*** Input for this task

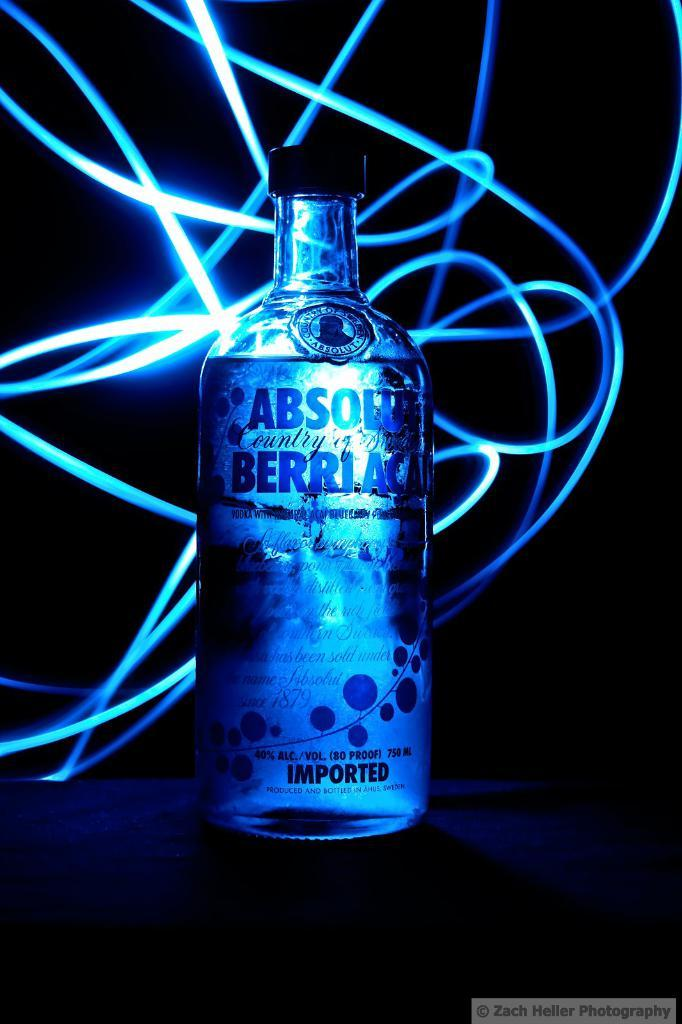<image>
Share a concise interpretation of the image provided. a bottle of imported absolut berriaca vodka 1879 
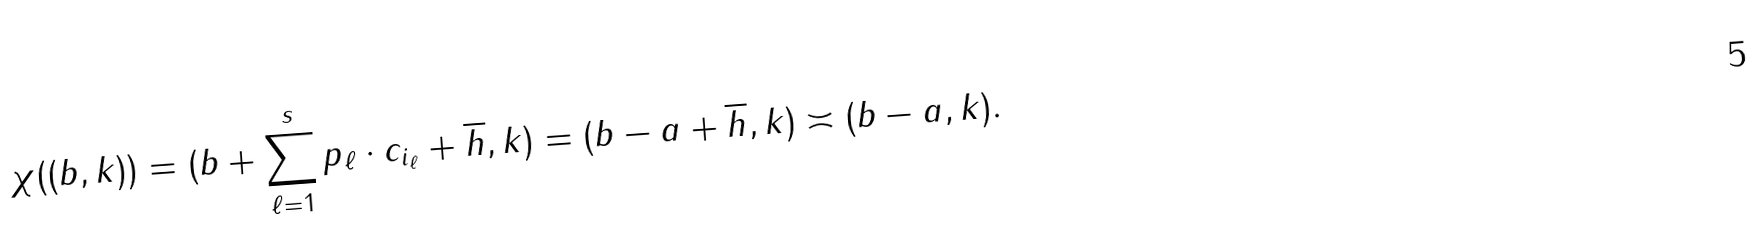<formula> <loc_0><loc_0><loc_500><loc_500>\chi ( ( b , k ) ) = ( b + \sum _ { \ell = 1 } ^ { s } p _ { \ell } \cdot c _ { i _ { \ell } } + \overline { h } , k ) = ( b - a + \overline { h } , k ) \asymp ( b - a , k ) .</formula> 
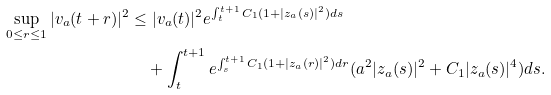<formula> <loc_0><loc_0><loc_500><loc_500>\sup _ { 0 \leq r \leq 1 } | v _ { a } ( t + r ) | ^ { 2 } & \leq | v _ { a } ( t ) | ^ { 2 } e ^ { \int _ { t } ^ { t + 1 } C _ { 1 } ( 1 + | z _ { a } ( s ) | ^ { 2 } ) d s } \\ & \quad + \int _ { t } ^ { t + 1 } e ^ { \int _ { s } ^ { t + 1 } C _ { 1 } ( 1 + | z _ { a } ( r ) | ^ { 2 } ) d r } ( a ^ { 2 } | z _ { a } ( s ) | ^ { 2 } + C _ { 1 } | z _ { a } ( s ) | ^ { 4 } ) d s .</formula> 
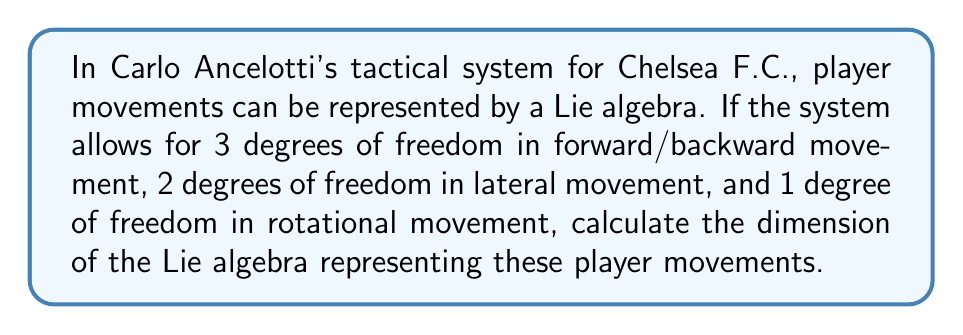Help me with this question. To solve this problem, we need to understand that the dimension of a Lie algebra is equal to the number of independent generators or basis elements. In this case, each degree of freedom corresponds to a generator in the Lie algebra.

Let's break down the degrees of freedom:

1. Forward/backward movement: 3 degrees of freedom
2. Lateral movement: 2 degrees of freedom
3. Rotational movement: 1 degree of freedom

The dimension of the Lie algebra is the sum of these independent generators:

$$ \text{dim}(\mathfrak{g}) = 3 + 2 + 1 $$

Where $\mathfrak{g}$ represents the Lie algebra of player movements in Ancelotti's tactical system.

Calculating:

$$ \text{dim}(\mathfrak{g}) = 3 + 2 + 1 = 6 $$

Therefore, the Lie algebra representing player movements in Ancelotti's tactical system has a dimension of 6.

This 6-dimensional Lie algebra could be thought of as similar to the special Euclidean group SE(3), which describes rigid body motions in 3D space. In this case, it's adapted to the specific constraints of Ancelotti's system for Chelsea F.C. players.
Answer: $$ \text{dim}(\mathfrak{g}) = 6 $$ 
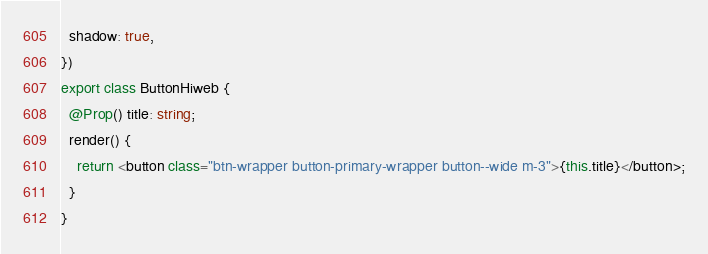<code> <loc_0><loc_0><loc_500><loc_500><_TypeScript_>  shadow: true,
})
export class ButtonHiweb {
  @Prop() title: string;
  render() {
    return <button class="btn-wrapper button-primary-wrapper button--wide m-3">{this.title}</button>;
  }
}
</code> 
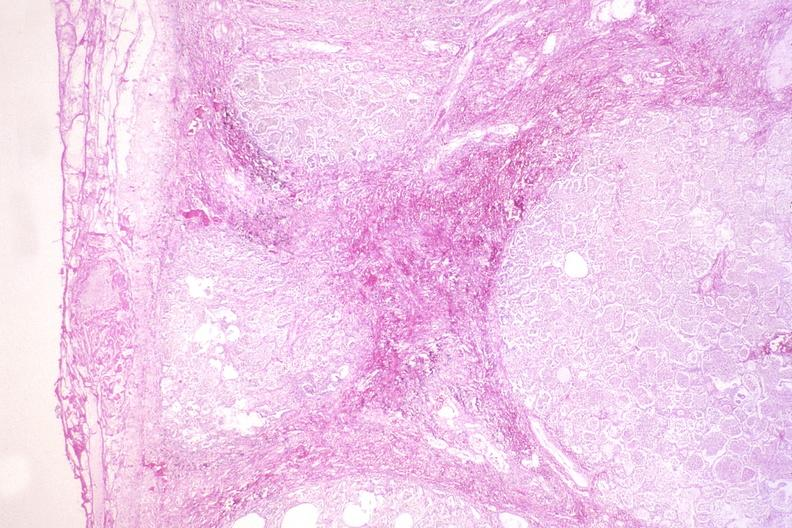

******

*Aim of the exercise*
Working from the records above, set down word for word everything from the line containing "Help me with" down to the line containing "Therefore, the Lie", ends included, minus the pictures.

*Output of the task*
Help me with this question. To solve this problem, we need to understand that the dimension of a Lie algebra is equal to the number of independent generators or basis elements. In this case, each degree of freedom corresponds to a generator in the Lie algebra.

Let's break down the degrees of freedom:

1. Forward/backward movement: 3 degrees of freedom
2. Lateral movement: 2 degrees of freedom
3. Rotational movement: 1 degree of freedom

The dimension of the Lie algebra is the sum of these independent generators:

$$ \text{dim}(\mathfrak{g}) = 3 + 2 + 1 $$

Where $\mathfrak{g}$ represents the Lie algebra of player movements in Ancelotti's tactical system.

Calculating:

$$ \text{dim}(\mathfrak{g}) = 3 + 2 + 1 = 6 $$

Therefore, the Lie algebra representing player movements in Ancelotti's tactical system has a dimension of 6.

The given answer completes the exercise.